TASK BRIEF
The answer is an exact repetition of every entry, with all images left out.
*** Opening MATERIAL TO PROCESS ***
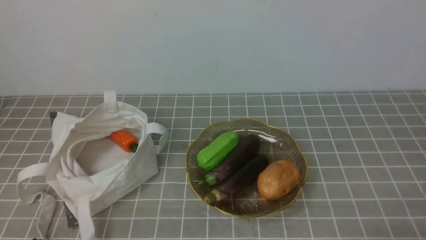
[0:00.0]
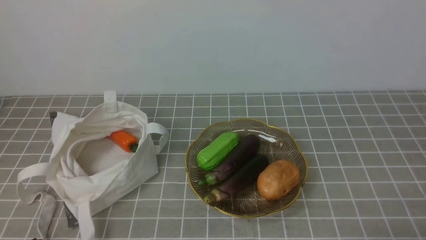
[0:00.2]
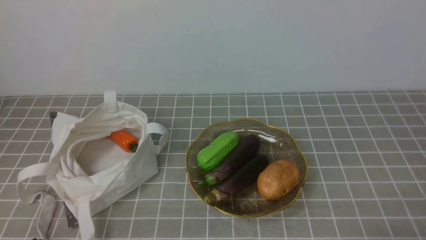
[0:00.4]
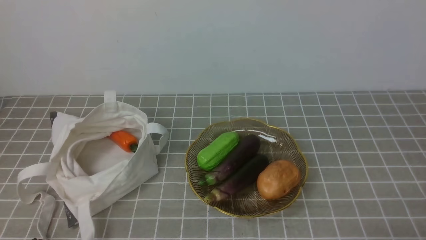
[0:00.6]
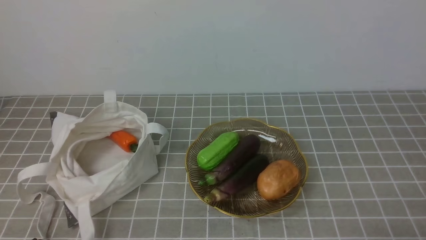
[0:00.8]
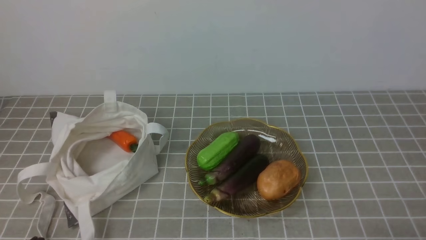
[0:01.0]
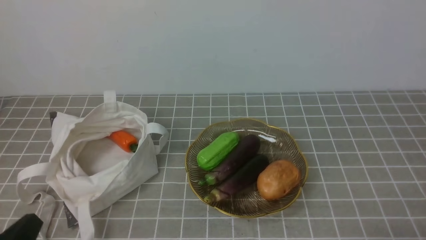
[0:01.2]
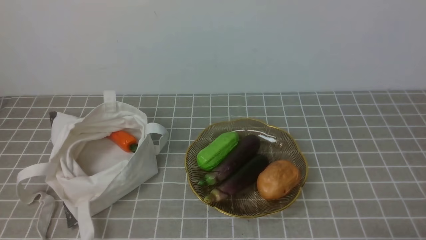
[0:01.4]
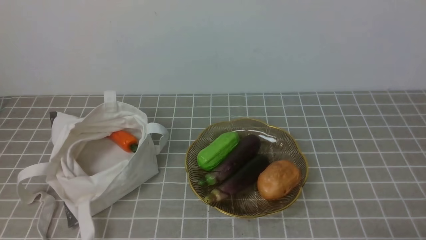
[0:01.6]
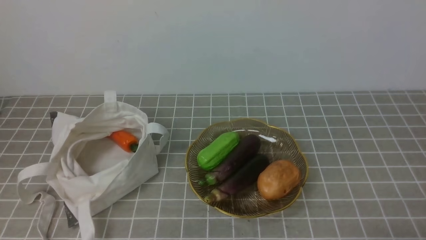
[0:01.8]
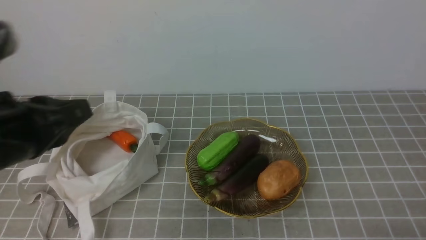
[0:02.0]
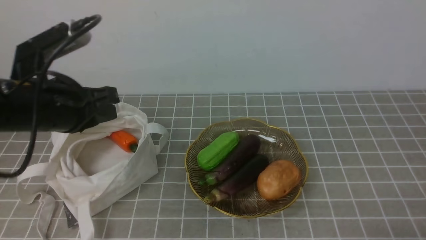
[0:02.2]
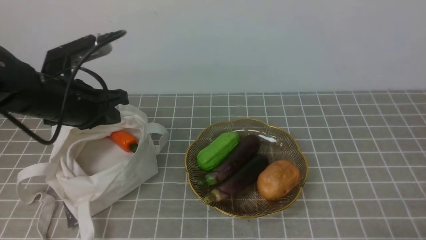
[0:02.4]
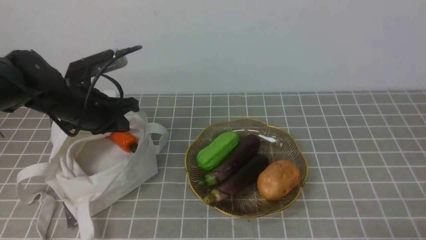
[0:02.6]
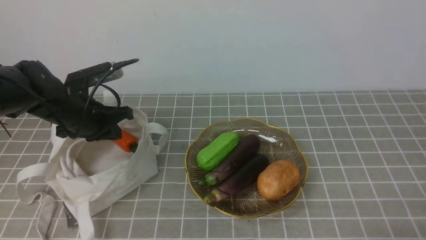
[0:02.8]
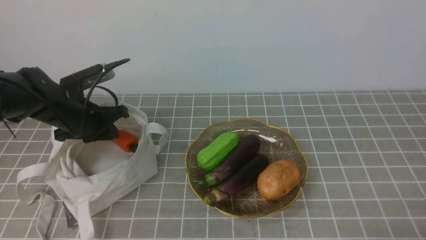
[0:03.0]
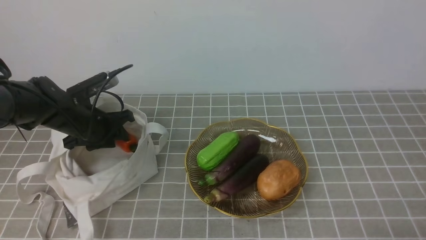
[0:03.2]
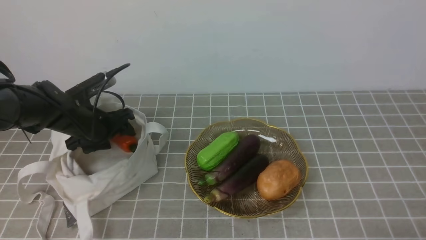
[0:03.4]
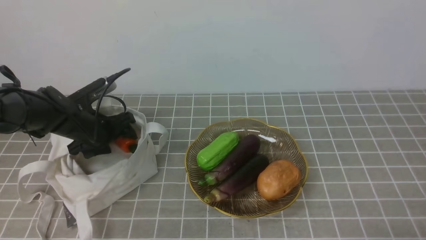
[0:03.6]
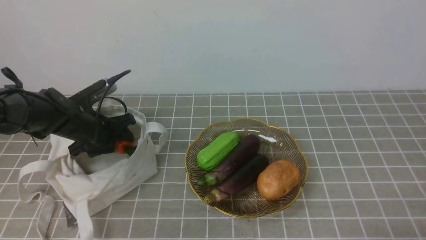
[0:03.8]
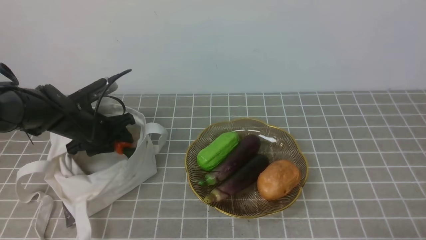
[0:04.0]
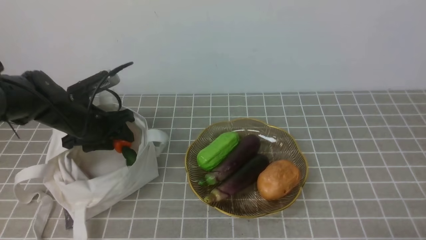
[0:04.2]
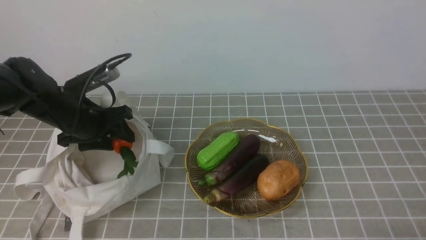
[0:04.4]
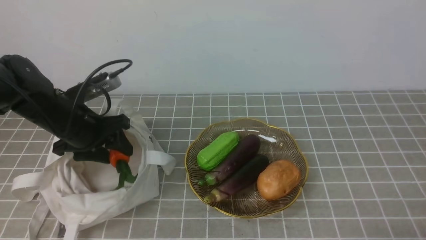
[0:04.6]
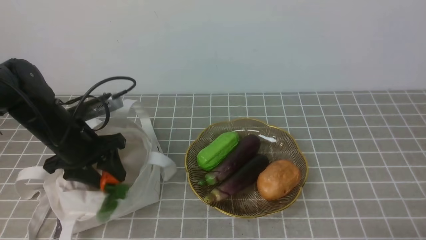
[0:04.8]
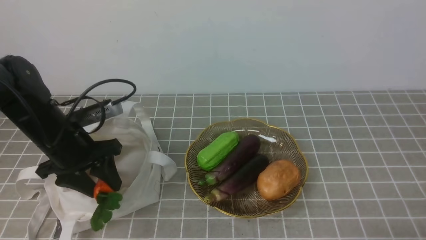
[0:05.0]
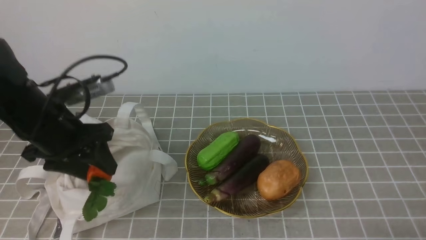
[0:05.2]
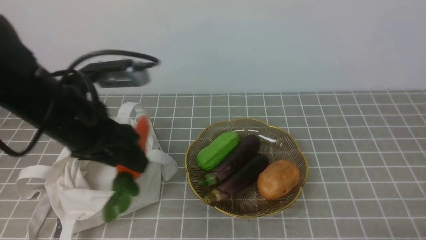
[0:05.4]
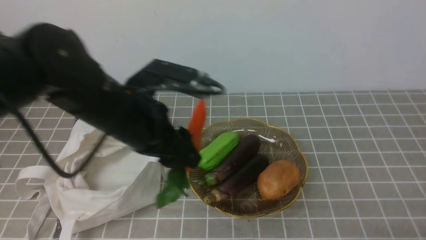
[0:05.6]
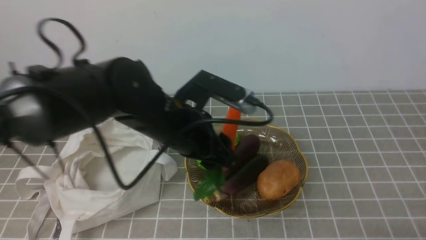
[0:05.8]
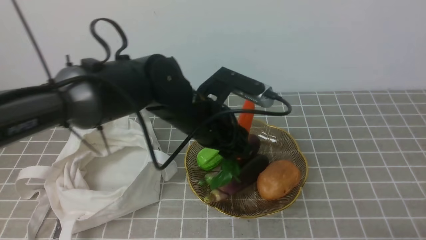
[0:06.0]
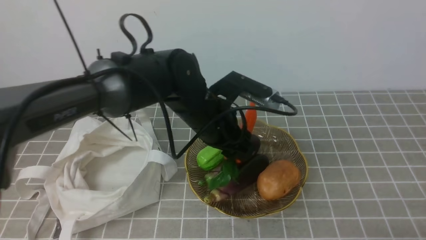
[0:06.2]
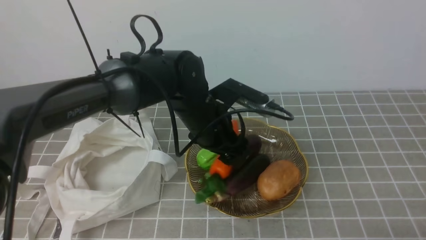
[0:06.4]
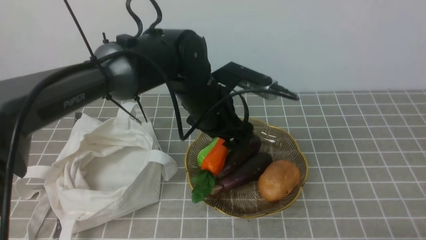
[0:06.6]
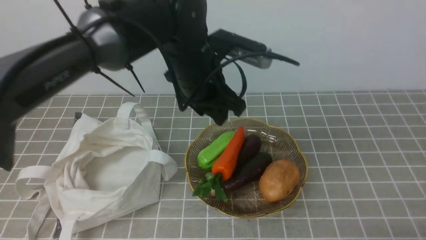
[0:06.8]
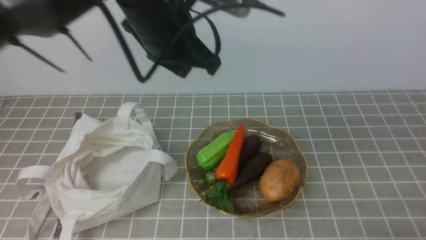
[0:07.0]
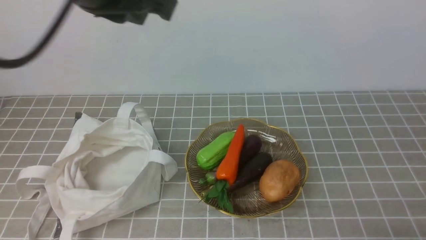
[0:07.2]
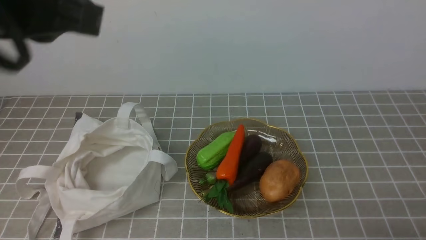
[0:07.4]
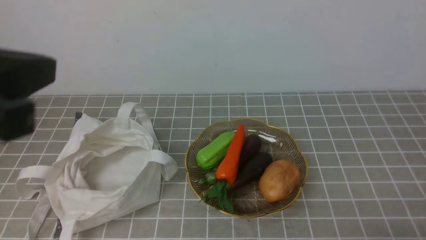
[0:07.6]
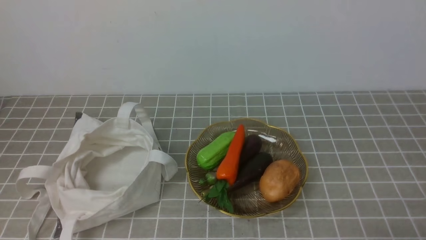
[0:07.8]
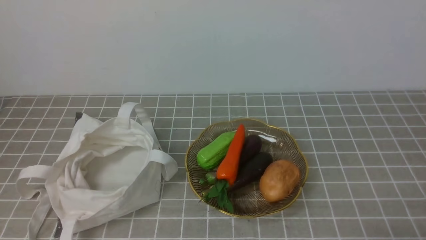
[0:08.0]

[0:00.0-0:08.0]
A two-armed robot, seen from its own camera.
Task of the whole recording: take vegetables from bag on grey coffee tablecloth place on plate.
Step, 0.0 to 3.8 s: Grasp the carrot with left gripper.
Step, 4.0 to 6.8 s: Place the carrot on the plate with left gripper.
1.6 to 3.2 s: The left gripper travels forward by about 35 cm, and opens its fingers.
3.2 to 4.8 s: The left gripper is displaced backward by some 5 cm.
4.8 to 6.4 s: The left gripper travels to the right by approximately 20 cm.
6.4 to 8.0 s: The left gripper moves backward, to the left and upward, approximately 40 cm, and closes up.
*** Closing MATERIAL TO PROCESS ***
EXERCISE SOLUTION
[0:00.0]
[0:00.2]
[0:00.4]
[0:00.6]
[0:00.8]
[0:01.0]
[0:01.2]
[0:01.4]
[0:01.6]
[0:01.8]
[0:02.0]
[0:02.2]
[0:02.4]
[0:02.6]
[0:02.8]
[0:03.0]
[0:03.2]
[0:03.4]
[0:03.6]
[0:03.8]
[0:04.0]
[0:04.2]
[0:04.4]
[0:04.6]
[0:04.8]
[0:05.0]
[0:05.2]
[0:05.4]
[0:05.6]
[0:05.8]
[0:06.0]
[0:06.2]
[0:06.4]
[0:06.6]
[0:06.8]
[0:07.0]
[0:07.2]
[0:07.4]
[0:07.6]
[0:07.8]
[0:08.0]

[0:00.0-0:08.0]
A two-armed robot, seen from its own camera.
Task of the whole recording: take vegetables from bag on grey coffee tablecloth place on plate.
Step, 0.0 to 3.8 s: Grasp the carrot with left gripper.
Step, 4.0 to 6.8 s: Place the carrot on the plate with left gripper.
1.6 to 3.2 s: The left gripper travels forward by about 35 cm, and opens its fingers.
3.2 to 4.8 s: The left gripper is displaced backward by some 5 cm.
4.8 to 6.4 s: The left gripper travels to the right by approximately 20 cm.
6.4 to 8.0 s: The left gripper moves backward, to the left and upward, approximately 40 cm, and closes up.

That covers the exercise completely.